Pathobiology of autochthonous prostate cancer in a pre-clinical transgenic mouse model.

BACKGROUND: Animal models that closely mimic clinical disease can be exploited to hasten the pace of translational research. To this end, we have defined windows of opportunity in the transgenic adenocarcinoma of the mouse prostate (TRAMP) model of prostate cancer as a paradigm for designing pre-clinical trials. METHODS: The incidence of cancer, metastasis, and distribution of pathology were examined as a function of time in TRAMP mice. The expression of various markers of differentiation were characterized. RESULTS: The TRAMP model develops progressive, multifocal, and heterogeneous disease. Each lobe of the prostate progressed at a different rate. Cytokeratin 8, E-cadherin, and androgen receptor (AR) were expressed during cancer progression but levels were reduced or absent in late stage disease. A distinct epithelial to neuroendocrine (ENT) shift was observed to be a stochastic event related to prostate cancer progression in TRAMP. CONCLUSIONS: This study will serve as the basis for the rational design of pre-clinical studies with genetically engineered mouse models.
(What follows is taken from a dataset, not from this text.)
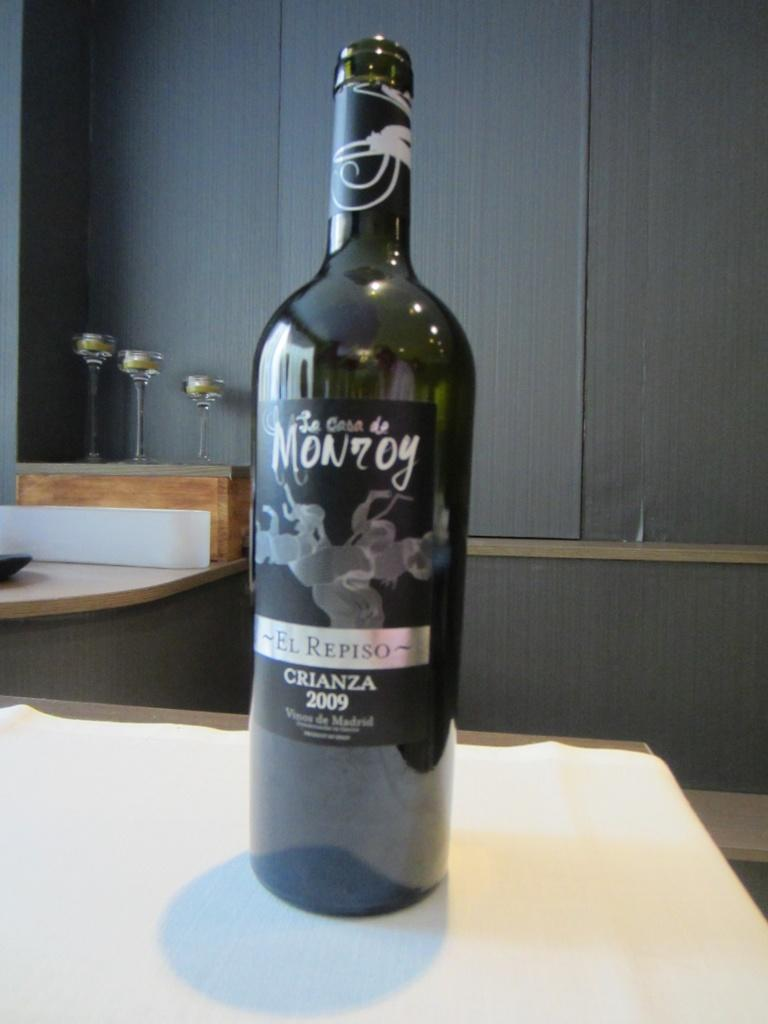<image>
Give a short and clear explanation of the subsequent image. A dark bottle of El Repiso Crianza from La Casa de Monroy.

Differential expression of specific FGF ligand and receptor isoforms during angiogenesis associated with prostate cancer progression.
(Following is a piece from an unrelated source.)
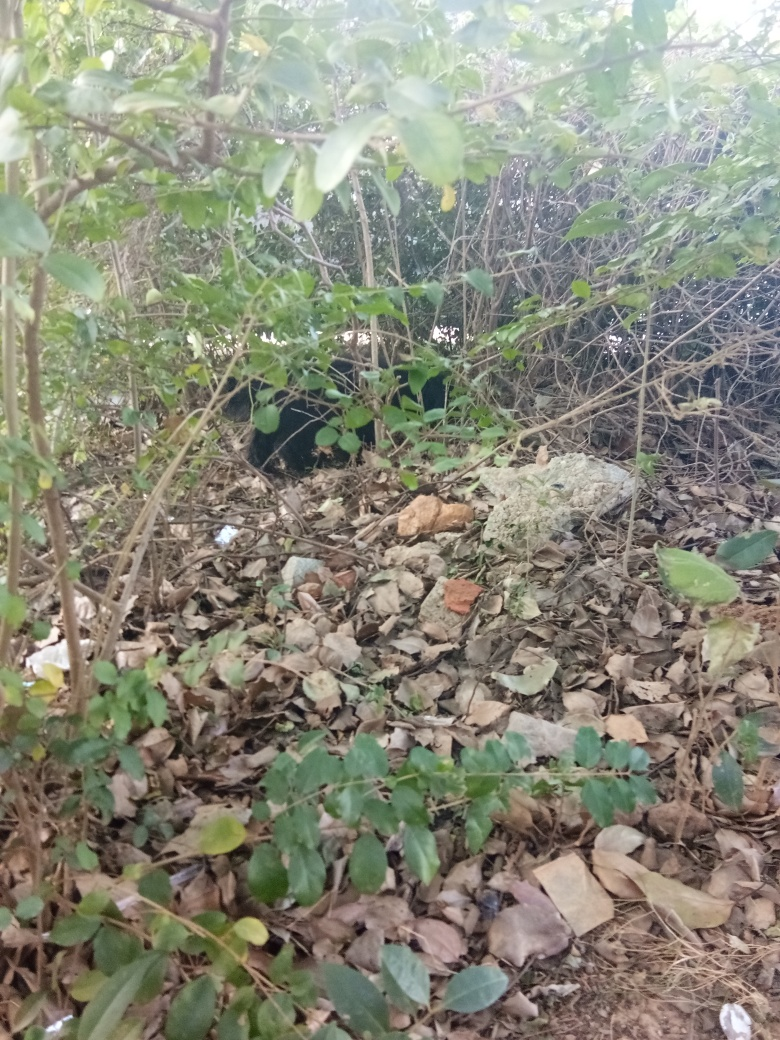Does this environment look like it is well cared for or neglected? The environment in the image appears somewhat neglected. There are signs of scattered debris and litter, and the vegetation looks overgrown and uncultivated. It seems like the area could benefit from some cleaning up and maintenance.

BACKGROUND: The aim of this study was to elucidate how changes in temporal and spatial expression patterns of individual components of the fibroblast growth factor (FGF) signaling axis correlate with prostate cancer-associated angiogenesis to contribute to the progression of this disease. METHODS: The temporal and spatial expression patterns of specific FGF ligands and receptors were characterized by immunoblot, in situ hybridization, and immunohistochemical analyses in the transgenic adenocarcinoma of the mouse prostate (TRAMP) model. RESULTS: We detected expression of high molecular weight isoform of FGF-2 in PIN lesions and detected both high and low molecular weight isoforms of FGF-2 in advanced tumors. Expression of the mRNA encoding the FGFR1iiib isoform was found to be specifically and differentially expressed in tumor vasculature in TRAMP but was not detected in prostate-associated vasculature in nontransgenic mice. Expression of the FGFR2iiic isoform was observed to be elevated in the epithelial component of PIN lesions in TRAMP mice. CONCLUSION: By using the TRAMP model, the expression of FGFR1iiib in intraductal vasculature and expression of FGF-2 protein were found to be concomitant with the emergence of PIN. These observations implicate specific changes in the FGF axis with the initiation and progression of prostate cancer and underscore the utility of animal models to identify specific molecular changes in early disease.